**Problem description**
Below are the lines to check; count those holding the string "degrees" and give only the number.

Data excerpts:
"""
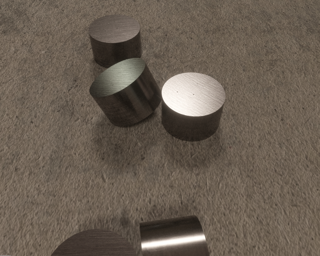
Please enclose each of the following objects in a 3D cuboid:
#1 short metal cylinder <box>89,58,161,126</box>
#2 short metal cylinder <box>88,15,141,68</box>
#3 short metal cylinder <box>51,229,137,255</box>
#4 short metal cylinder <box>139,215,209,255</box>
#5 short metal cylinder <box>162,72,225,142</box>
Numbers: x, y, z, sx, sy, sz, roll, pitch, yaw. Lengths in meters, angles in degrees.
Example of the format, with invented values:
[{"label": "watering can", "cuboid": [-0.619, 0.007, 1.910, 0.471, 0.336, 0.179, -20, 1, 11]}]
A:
[{"label": "short metal cylinder", "cuboid": [-0.044, -0.048, 0.407, 0.080, 0.050, 0.080, -19, 37, 15]}, {"label": "short metal cylinder", "cuboid": [-0.072, -0.141, 0.505, 0.081, 0.050, 0.080, 0, 50, 0]}, {"label": "short metal cylinder", "cuboid": [-0.056, 0.137, 0.271, 0.081, 0.050, 0.080, 0, 50, 0]}, {"label": "short metal cylinder", "cuboid": [0.012, 0.120, 0.267, 0.050, 0.080, 0.080, -6, 50, -6]}, {"label": "short metal cylinder", "cuboid": [0.042, -0.029, 0.412, 0.081, 0.050, 0.080, 1, 50, 0]}]
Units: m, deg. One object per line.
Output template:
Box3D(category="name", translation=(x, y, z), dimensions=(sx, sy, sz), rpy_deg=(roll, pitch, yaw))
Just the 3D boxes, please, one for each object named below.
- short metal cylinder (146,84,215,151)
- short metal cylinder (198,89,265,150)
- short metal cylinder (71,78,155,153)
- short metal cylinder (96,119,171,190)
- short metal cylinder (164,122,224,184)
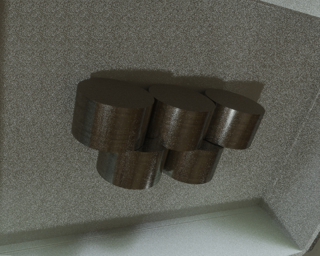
Box3D(category="short metal cylinder", translation=(0.020, -0.014, 0.373), dimensions=(0.081, 0.080, 0.050), rpy_deg=(1, 118, -29))
Box3D(category="short metal cylinder", translation=(0.091, -0.013, 0.412), dimensions=(0.081, 0.080, 0.050), rpy_deg=(2, 118, -29))
Box3D(category="short metal cylinder", translation=(-0.051, -0.016, 0.333), dimensions=(0.081, 0.080, 0.050), rpy_deg=(1, 118, -29))
Box3D(category="short metal cylinder", translation=(-0.032, 0.029, 0.371), dimensions=(0.081, 0.080, 0.050), rpy_deg=(1, 118, -29))
Box3D(category="short metal cylinder", translation=(0.040, 0.030, 0.411), dimensions=(0.081, 0.080, 0.050), rpy_deg=(1, 118, -29))
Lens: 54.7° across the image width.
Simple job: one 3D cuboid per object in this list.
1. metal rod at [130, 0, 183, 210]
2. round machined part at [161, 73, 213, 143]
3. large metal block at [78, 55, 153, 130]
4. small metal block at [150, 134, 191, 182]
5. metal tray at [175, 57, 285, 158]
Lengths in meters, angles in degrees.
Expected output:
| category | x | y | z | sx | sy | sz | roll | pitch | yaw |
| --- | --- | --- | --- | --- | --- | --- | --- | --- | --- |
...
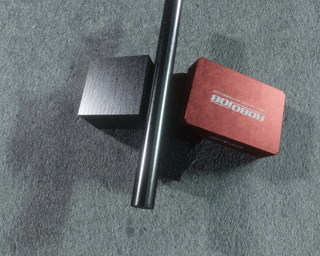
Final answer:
| category | x | y | z | sx | sy | sz | roll | pitch | yaw |
| --- | --- | --- | --- | --- | --- | --- | --- | --- | --- |
| metal rod | 0.001 | -0.053 | 0.384 | 0.025 | 0.025 | 0.299 | 7 | 68 | 2 |
| round machined part | 0.032 | -0.031 | 0.412 | 0.099 | 0.042 | 0.098 | 0 | 70 | 0 |
| large metal block | -0.049 | -0.044 | 0.400 | 0.080 | 0.050 | 0.080 | 0 | 69 | 19 |
| small metal block | 0.007 | 0.034 | 0.387 | 0.050 | 0.025 | 0.050 | 15 | 96 | 6 |
| metal tray | 0.092 | -0.023 | 0.392 | 0.131 | 0.030 | 0.090 | 19 | 71 | -15 |
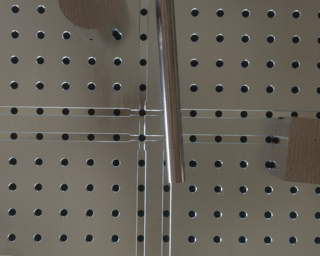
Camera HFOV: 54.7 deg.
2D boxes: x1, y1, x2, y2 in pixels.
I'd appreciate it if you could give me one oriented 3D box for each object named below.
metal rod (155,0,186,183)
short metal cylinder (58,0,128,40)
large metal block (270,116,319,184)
"""
**Response to this exercise**
2